The Massachusetts Appeals Court recently considered whether a defendant’s confession to the police should be suppressed because of his level of drunkenness. In Commonwealth v. Bigley, the police responded to a motor vehicle accident. When they arrived, the police saw a motorcycle lying in the middle of the road and on fire.
The defendant was found about a quarter of a mile away. He was unsteady on his feet and smelled strongly of alcohol. He exhibited all of the usual signs of intoxication and appeared “very agitated.” The police asked where he had been earlier in the evening and he said he was at a concert and had been driving his motorcycle. The defendant then became emotional and told the police, “I’m fucked, my marriage is over, there goes my kid, I’ll be going away for the next three to five years.” The defendant was arrested and ultimately convicted of operating under the influence of alcohol, fourth offense.
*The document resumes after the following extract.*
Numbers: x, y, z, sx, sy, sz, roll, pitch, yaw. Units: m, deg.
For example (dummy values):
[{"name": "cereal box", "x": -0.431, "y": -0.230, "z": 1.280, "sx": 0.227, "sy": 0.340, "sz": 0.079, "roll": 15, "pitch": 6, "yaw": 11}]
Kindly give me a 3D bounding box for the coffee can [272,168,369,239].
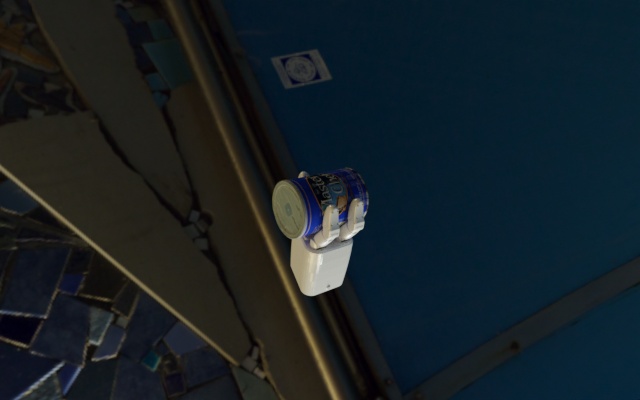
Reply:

The question on appeal was whether the client was too drunk to waive his Miranda rights and whether his statements were voluntarily made (statements that are deemed “involuntary” by a judge are not admissible in court). The Appeals Court ruled that the defendant’s high level of intoxication did not render his statements involuntary and did not impair his ability to waive his Miranda rights. Mere drunkenness is not enough – the Court ruled that only when a defendant appears “detached from reality” will his drunkenness provide a justification for possibly suppressing his statements.
This case is yet another important reminder that nobody should ever speak to the police about a criminal investigation without first consulting a criminal defense attorney. If the defendant here had not made any statements to the police, the prosecutor would have had a hard time even proving that he was driving the motorcycle.